We are going to model the probability of an aftershock with
1
p(x) = \frac{1}{1 + e^{-(\beta_0 + \beta_1x)}},
(1)
where x will be a variable that we use to make the prediction. We are going to find the best
parameter values \beta_0, \beta_1 to model the data of a given main event, by finding the values of
\beta_0, \beta_1 that minimise
f(\beta_0, \beta_1) = \sum_k -y_k \log(p(x_k; \beta_0, \beta_1)) - (1 - y_k)\log(1 - p(x_k, \beta_0, \beta_1)).
(2)
This expresion corresponds to the negative log-likelihood of a model. Here y_k \in \{0,1\} is the
observed outcome (no aftershock or aftershock present), and x_k is our predictor variable, that
we will define based on information about the earthquake.
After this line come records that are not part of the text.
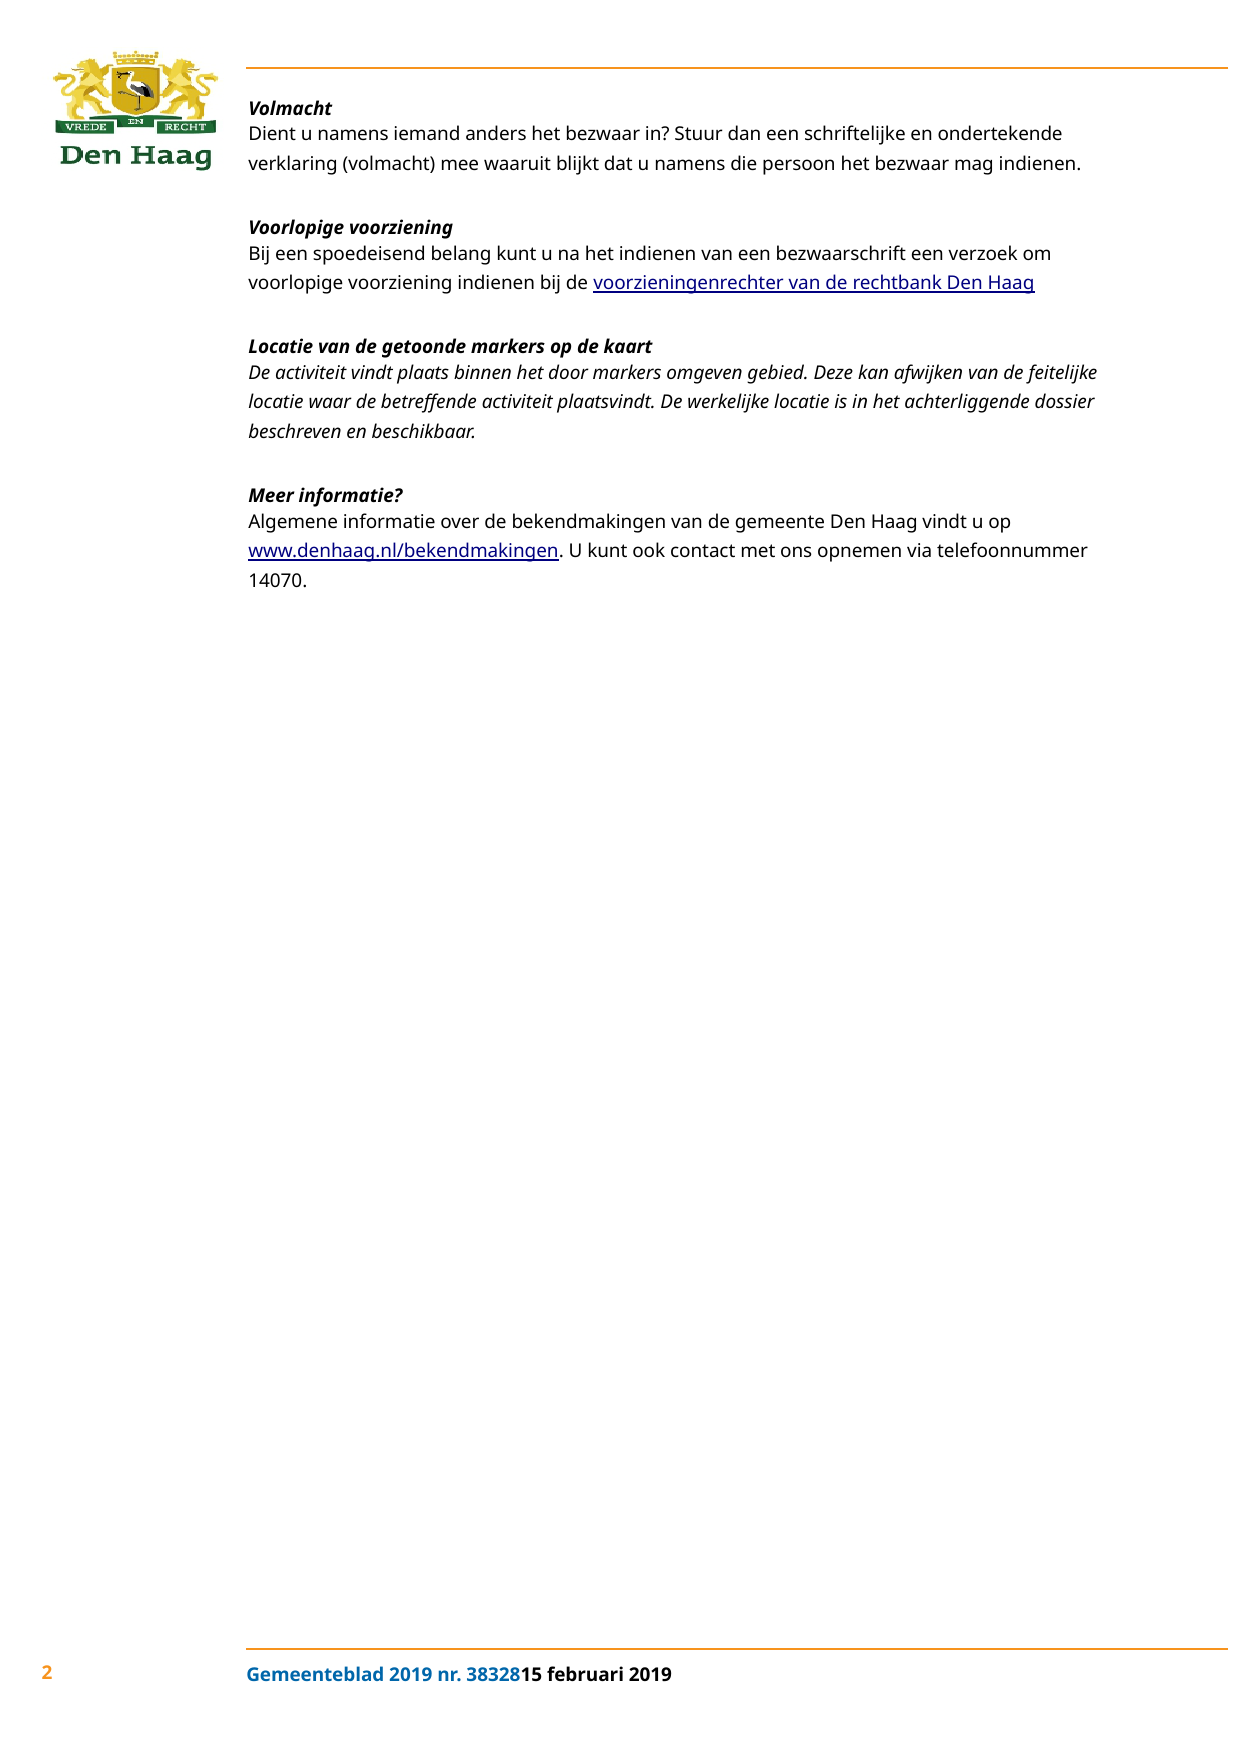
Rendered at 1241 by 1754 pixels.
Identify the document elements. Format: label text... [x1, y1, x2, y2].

text Voorlopige voorziening [248, 214, 1152, 240]
picture [41, 47, 231, 172]
text Meer informatie? [248, 482, 1152, 508]
text Bij een spoedeisend belang kunt u na het indienen van een bezwaarschrift een verzoek om voorlopige voorziening indienen bij de voorzieningenrechter van de rechtbank Den Haag [248, 240, 1152, 295]
text De activiteit vindt plaats binnen het door markers omgeven gebied. Deze kan afwijken van de feitelijke locatie waar de betreffende activiteit plaatsvindt. De werkelijke locatie is in het achterliggende dossier beschreven en beschikbaar. [248, 359, 1152, 444]
text Algemene informatie over de bekendmakingen van de gemeente Den Haag vindt u op www.denhaag.nl/bekendmakingen. U kunt ook contact met ons opnemen via telefoonnummer 14070. [248, 508, 1152, 593]
text Volmacht [248, 95, 1152, 121]
text Dient u namens iemand anders het bezwaar in? Stuur dan een schriftelijke en ondertekende verklaring (volmacht) mee waaruit blijkt dat u namens die persoon het bezwaar mag indienen. [248, 121, 1152, 176]
text Locatie van de getoonde markers op de kaart [248, 333, 1152, 359]

(a) Implement a function fit(X, Y, gamma) that receives the vectors with values x_k and
y_k, and a step gamma for the gradient descent method, and returns \beta_0, \beta_1 obtained the
gradient descent method with starting point (0,0). Test it by computing the values for
2001BHUJINO1YAGI using the Euclidean norm of the stresses as X and the value of the
column aftershock as Y.
(b) Implement a function fit_file(fi,fu, gamma) that finds the optimal values of \beta_0, \beta_1
using gradient descent as before, using the data in the aftershock file fi, and the function
fu on the stresses (defined as in Question 1b). Test it by computing the values for
2001BHUJINO1YAGI using the Euclidean norm of the stresses as X and the value of the
column aftershock as Y.
(c) Implement a function factory fit_file_factory(fu,gamma) to fix the values of fu and
gamma in fit_file. Compute the values of \beta_0, \beta_1 for all events in selectedEvents,
using f(s_1,...,s_6) = \log(\sum_i |s_i|) and \gamma = 10^{-3}. Plot the results with \beta_0 in the x-axis
and \beta_1 in the y-axis, one point for each event.